*** Opening Record extracts ***
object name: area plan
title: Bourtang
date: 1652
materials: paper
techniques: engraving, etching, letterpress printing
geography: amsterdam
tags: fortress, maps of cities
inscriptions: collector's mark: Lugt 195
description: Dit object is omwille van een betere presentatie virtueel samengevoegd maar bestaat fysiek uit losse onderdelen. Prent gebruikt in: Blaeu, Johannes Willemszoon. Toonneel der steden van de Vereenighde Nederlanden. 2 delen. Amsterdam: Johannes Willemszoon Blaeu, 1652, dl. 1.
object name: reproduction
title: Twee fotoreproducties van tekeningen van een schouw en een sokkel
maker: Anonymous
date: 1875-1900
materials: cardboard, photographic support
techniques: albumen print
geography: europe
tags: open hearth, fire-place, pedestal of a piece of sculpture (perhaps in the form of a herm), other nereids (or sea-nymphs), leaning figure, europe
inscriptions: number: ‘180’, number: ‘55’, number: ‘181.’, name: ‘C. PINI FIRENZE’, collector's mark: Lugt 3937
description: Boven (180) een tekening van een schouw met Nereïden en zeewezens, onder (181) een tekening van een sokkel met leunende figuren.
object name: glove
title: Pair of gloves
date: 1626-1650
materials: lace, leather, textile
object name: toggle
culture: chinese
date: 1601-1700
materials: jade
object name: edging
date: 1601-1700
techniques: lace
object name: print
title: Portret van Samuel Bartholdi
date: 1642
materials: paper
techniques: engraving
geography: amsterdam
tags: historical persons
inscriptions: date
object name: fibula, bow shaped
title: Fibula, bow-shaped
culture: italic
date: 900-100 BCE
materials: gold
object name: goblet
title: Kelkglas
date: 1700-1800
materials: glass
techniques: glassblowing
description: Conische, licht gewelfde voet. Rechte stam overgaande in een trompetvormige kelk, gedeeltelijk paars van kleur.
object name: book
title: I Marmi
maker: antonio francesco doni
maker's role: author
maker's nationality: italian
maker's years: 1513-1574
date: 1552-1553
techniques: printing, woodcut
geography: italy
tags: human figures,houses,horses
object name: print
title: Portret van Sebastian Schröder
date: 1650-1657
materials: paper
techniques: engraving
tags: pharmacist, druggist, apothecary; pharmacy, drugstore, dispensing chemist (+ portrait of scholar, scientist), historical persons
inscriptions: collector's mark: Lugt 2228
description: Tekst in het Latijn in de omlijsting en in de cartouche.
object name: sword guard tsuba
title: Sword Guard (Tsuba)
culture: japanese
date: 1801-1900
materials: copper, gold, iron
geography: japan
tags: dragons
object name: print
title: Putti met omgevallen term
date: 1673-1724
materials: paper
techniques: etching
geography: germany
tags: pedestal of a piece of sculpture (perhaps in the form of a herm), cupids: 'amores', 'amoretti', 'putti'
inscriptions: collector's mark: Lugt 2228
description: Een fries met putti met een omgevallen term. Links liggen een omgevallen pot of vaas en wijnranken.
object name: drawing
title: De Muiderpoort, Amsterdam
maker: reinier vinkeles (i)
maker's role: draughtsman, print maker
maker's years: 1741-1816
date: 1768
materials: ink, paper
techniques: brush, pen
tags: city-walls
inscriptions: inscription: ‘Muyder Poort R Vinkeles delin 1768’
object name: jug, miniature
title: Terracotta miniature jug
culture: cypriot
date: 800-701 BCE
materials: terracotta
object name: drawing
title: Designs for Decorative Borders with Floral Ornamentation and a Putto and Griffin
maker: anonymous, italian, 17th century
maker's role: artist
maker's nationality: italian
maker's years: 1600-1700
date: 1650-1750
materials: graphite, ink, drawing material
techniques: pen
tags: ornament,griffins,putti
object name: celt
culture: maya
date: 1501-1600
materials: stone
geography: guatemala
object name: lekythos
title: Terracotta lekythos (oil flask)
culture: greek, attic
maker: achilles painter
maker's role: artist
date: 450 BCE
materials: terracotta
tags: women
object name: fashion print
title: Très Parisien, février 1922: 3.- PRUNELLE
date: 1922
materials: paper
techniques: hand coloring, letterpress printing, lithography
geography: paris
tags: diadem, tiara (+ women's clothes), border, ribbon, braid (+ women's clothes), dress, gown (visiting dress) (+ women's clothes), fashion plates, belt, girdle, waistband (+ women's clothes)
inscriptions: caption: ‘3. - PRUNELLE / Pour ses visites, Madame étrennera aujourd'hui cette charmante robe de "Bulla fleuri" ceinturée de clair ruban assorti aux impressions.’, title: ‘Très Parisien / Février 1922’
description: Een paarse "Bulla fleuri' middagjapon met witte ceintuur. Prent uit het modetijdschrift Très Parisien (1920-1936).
*** Closing Record extracts ***
Please filter the data down to the lines containing the word "collector".

inscriptions: collector's mark: Lugt 195
inscriptions: number: ‘180’, number: ‘55’, number: ‘181.’, name: ‘C. PINI FIRENZE’, collector's mark: Lugt 3937
inscriptions: collector's mark: Lugt 2228
inscriptions: collector's mark: Lugt 2228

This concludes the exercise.